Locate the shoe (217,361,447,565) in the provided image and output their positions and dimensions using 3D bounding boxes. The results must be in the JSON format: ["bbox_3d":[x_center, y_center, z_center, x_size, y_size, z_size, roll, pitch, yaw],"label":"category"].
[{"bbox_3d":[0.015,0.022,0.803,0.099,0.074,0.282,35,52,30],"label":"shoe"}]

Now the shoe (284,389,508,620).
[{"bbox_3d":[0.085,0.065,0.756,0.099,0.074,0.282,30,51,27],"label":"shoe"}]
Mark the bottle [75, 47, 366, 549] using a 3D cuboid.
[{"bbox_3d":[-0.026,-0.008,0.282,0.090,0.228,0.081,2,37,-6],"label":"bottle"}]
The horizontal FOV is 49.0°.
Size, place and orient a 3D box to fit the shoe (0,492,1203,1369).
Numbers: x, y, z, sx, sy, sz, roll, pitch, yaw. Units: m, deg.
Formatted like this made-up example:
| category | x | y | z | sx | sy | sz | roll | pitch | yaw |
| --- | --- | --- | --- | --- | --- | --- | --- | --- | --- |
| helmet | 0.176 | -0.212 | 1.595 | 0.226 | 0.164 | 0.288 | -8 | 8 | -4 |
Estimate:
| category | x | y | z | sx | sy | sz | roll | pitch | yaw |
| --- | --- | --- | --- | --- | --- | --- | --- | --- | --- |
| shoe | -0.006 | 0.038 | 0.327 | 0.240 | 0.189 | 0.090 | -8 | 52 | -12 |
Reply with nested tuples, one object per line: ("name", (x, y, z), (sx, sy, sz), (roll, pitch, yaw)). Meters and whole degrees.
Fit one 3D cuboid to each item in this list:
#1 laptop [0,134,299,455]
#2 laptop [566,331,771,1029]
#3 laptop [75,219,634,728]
-.-.-
Write the entries out once more, exactly as they appear.

*Exercise response*
Locate the shoe (217,361,447,565) in the provided image and output their positions and dimensions using 3D bounding boxes. The results must be in the JSON format: ["bbox_3d":[x_center, y_center, z_center, x_size, y_size, z_size, roll, pitch, yaw],"label":"category"].
[{"bbox_3d":[0.015,0.022,0.803,0.099,0.074,0.282,35,52,30],"label":"shoe"}]

Now the shoe (284,389,508,620).
[{"bbox_3d":[0.085,0.065,0.756,0.099,0.074,0.282,30,51,27],"label":"shoe"}]
Mark the bottle [75, 47, 366, 549] using a 3D cuboid.
[{"bbox_3d":[-0.026,-0.008,0.282,0.090,0.228,0.081,2,37,-6],"label":"bottle"}]
The horizontal FOV is 49.0°.
Size, place and orient a 3D box to fit the shoe (0,492,1203,1369).
Numbers: x, y, z, sx, sy, sz, roll, pitch, yaw. Units: m, deg.
Formatted like this made-up example:
| category | x | y | z | sx | sy | sz | roll | pitch | yaw |
| --- | --- | --- | --- | --- | --- | --- | --- | --- | --- |
| helmet | 0.176 | -0.212 | 1.595 | 0.226 | 0.164 | 0.288 | -8 | 8 | -4 |
Estimate:
| category | x | y | z | sx | sy | sz | roll | pitch | yaw |
| --- | --- | --- | --- | --- | --- | --- | --- | --- | --- |
| shoe | -0.006 | 0.038 | 0.327 | 0.240 | 0.189 | 0.090 | -8 | 52 | -12 |
Reply with nested tuples, one object per line: ("name", (x, y, z), (sx, sy, sz), (roll, pitch, yaw)). Meters and whole degrees.
Fit one 3D cuboid to each item in this list:
#1 laptop [0,134,299,455]
#2 laptop [566,331,771,1029]
#3 laptop [75,219,634,728]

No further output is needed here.